Mark Mobius, a money manager who made billions as one of the first investors focused on finding financial opportunities in emerging markets, died on April 15 in Singapore. He was 89.

            In 1987, Mr. Mobius joined the investment banking firm Franklin Templeton, where he soon started one of the first investment funds anywhere dedicated to emerging markets — countries in Asia Africa, Latin America and Eastern Europe. Gaining a reputation as the brilliant, swashbuckling “Indiana Jones” of his field, he helped change the perception of emerging markets. Over time, more investors began including them in their portfolios.

            Franklin Templeton’s emerging markets group handled $100 million when Mr. Mobius started. By the time he retired from the firm in 2018, his fund held over $40 billion in investments spread across some 70 countries. “The world belongs to optimists” Mr. Mobius said.

Adriano Goldschmied

April 29th, 2026|

Adriano Goldschmied, the Italian businessman known as “the godfather of denim” for his role in developing versions of the world’s most popular fabric, died on April 5 in Castelfranco Veneto, a town near his home in Asolo, Italy. He was 82.

            On any given day, marketers say, nearly half the world’s population is wearing jeans. Last year, more than $98 billion worth of jeans were sold worldwide, and if you wear jeans, you own a pair that is influenced in some way by Mr. Goldschmied’s presence in the industry.

            By his count, Mr.

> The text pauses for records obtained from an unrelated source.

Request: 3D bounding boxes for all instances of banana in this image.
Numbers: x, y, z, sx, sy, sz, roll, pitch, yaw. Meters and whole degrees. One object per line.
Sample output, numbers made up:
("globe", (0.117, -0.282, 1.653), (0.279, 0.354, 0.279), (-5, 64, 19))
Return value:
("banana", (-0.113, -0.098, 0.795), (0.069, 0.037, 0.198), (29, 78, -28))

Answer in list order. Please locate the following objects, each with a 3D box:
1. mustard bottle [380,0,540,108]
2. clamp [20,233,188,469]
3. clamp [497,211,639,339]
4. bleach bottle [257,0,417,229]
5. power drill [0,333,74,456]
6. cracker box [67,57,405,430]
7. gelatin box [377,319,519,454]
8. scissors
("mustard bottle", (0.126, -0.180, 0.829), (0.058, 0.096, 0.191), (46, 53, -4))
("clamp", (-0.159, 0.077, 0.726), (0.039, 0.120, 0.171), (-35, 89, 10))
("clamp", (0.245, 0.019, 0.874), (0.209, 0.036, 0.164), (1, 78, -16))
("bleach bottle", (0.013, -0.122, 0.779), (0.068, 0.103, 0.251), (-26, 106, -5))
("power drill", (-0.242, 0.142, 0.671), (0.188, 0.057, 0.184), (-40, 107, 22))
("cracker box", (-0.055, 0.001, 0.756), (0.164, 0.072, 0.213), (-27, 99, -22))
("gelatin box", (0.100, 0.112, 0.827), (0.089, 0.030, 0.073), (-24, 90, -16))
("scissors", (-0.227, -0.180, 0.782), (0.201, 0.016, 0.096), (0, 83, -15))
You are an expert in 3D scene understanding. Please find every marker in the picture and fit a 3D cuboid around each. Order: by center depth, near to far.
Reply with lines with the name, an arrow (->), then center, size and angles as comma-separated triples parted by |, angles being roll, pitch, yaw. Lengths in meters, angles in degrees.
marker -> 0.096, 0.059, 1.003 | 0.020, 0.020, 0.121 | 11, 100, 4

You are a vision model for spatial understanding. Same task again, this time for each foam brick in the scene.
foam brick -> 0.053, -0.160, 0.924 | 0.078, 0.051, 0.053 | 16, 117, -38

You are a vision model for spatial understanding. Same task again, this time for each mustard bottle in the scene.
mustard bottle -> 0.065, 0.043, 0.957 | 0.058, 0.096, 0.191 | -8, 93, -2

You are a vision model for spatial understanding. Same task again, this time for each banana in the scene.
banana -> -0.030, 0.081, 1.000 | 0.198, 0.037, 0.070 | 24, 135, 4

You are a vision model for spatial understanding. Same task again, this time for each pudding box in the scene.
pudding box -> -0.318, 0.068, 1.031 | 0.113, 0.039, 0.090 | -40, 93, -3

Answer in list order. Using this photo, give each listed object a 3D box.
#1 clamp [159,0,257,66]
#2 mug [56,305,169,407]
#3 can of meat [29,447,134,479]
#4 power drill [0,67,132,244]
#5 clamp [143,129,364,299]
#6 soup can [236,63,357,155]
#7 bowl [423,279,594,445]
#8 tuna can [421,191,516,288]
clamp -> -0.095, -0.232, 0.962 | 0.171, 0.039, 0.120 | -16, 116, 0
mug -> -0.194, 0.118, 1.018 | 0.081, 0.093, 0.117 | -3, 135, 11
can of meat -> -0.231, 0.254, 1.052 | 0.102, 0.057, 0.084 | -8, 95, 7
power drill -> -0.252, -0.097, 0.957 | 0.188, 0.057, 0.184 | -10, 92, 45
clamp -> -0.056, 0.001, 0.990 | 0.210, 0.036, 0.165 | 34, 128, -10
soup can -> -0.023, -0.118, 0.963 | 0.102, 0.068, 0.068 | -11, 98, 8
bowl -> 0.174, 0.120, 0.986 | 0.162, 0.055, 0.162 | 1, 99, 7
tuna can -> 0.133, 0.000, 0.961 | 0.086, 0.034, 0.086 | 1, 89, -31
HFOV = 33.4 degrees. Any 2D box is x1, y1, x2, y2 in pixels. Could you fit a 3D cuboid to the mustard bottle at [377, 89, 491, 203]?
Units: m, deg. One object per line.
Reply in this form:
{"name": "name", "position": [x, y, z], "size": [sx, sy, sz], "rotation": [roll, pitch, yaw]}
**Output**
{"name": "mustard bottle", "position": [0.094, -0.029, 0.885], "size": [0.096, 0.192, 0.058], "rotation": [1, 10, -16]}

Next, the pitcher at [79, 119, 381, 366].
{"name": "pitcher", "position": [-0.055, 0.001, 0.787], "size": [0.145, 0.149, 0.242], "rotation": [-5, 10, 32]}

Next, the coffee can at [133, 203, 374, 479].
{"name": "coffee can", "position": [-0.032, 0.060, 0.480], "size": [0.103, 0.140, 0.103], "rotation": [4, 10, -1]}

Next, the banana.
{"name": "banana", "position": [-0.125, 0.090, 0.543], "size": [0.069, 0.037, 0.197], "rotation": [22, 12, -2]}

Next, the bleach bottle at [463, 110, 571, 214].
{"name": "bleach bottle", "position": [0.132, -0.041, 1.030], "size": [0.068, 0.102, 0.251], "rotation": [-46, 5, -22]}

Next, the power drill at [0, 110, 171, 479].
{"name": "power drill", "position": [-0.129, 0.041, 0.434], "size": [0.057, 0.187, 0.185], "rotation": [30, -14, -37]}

Goldschmied collaborated on or started more than 50 brands, including Gap 1969, a retro label named for the year Gap was founded, as well as Goldsign and AG Adriano Goldschmied, now known as AG Jeans.

Iris Cantor

April 4th, 2026|

Iris Cantor, an arts patron and philanthropist who with her investment banker husband, B. Gerald Cantor, the founder of Cantor Fitzgerald, amassed — and then bestowed to various museums — one of the largest private collections of Rodin sculptures in the world, died on Feb. 22 at her home in Palm Beach FL. She was 95.

The Iris & B. Gerald Cantor Foundation’s major beneficiaries include the Brooklyn Museum, the Metropolitan Museum of Art, the Los Angeles County Museum of Art, Stanford University, the Musée Rodin in Paris, the College of the Holy Cross in Worcester, MA, and the North Carolina Museum of Art in Raleigh. She also funded health centers in major hospitals across the country.

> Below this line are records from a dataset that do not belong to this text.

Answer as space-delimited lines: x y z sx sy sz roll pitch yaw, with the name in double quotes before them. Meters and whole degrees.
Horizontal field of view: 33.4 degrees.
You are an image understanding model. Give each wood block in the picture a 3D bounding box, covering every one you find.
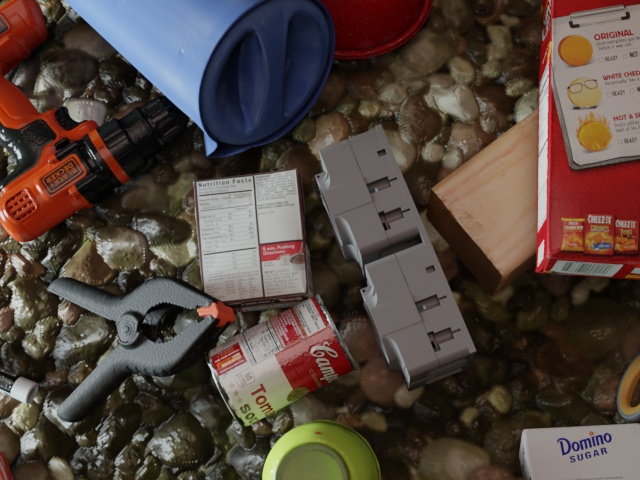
"wood block" 0.193 -0.057 0.851 0.206 0.091 0.090 -37 77 -6

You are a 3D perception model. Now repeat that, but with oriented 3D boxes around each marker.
"marker" -0.291 0.104 0.886 0.121 0.020 0.020 22 79 10

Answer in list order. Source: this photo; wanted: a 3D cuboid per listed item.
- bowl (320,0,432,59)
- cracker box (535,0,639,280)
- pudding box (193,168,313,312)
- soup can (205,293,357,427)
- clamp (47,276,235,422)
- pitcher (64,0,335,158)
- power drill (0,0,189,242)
"bowl" 0.021 -0.235 0.908 0.162 0.055 0.162 2 64 -4
"cracker box" 0.241 -0.078 0.769 0.164 0.072 0.213 3 77 3
"pudding box" -0.056 0.001 0.884 0.090 0.039 0.113 -7 73 3
"soup can" -0.031 0.095 0.842 0.102 0.068 0.068 -28 76 -2
"clamp" -0.152 0.065 0.857 0.172 0.039 0.120 -23 77 18
"pitcher" -0.108 -0.195 0.860 0.149 0.145 0.243 -40 57 -16
"power drill" -0.228 -0.117 0.916 0.184 0.057 0.188 -35 76 -4

In an interview with the Metropolitan Museum in 2022, Mrs. Cantor said, “Art should contribute in a meaningful way to the life of a community and to our collective understanding of who we are, where we came from, and even where we might be headed. There is still no better place for all of this to happen than at museums, which preserve and showcase the results of human creativity.”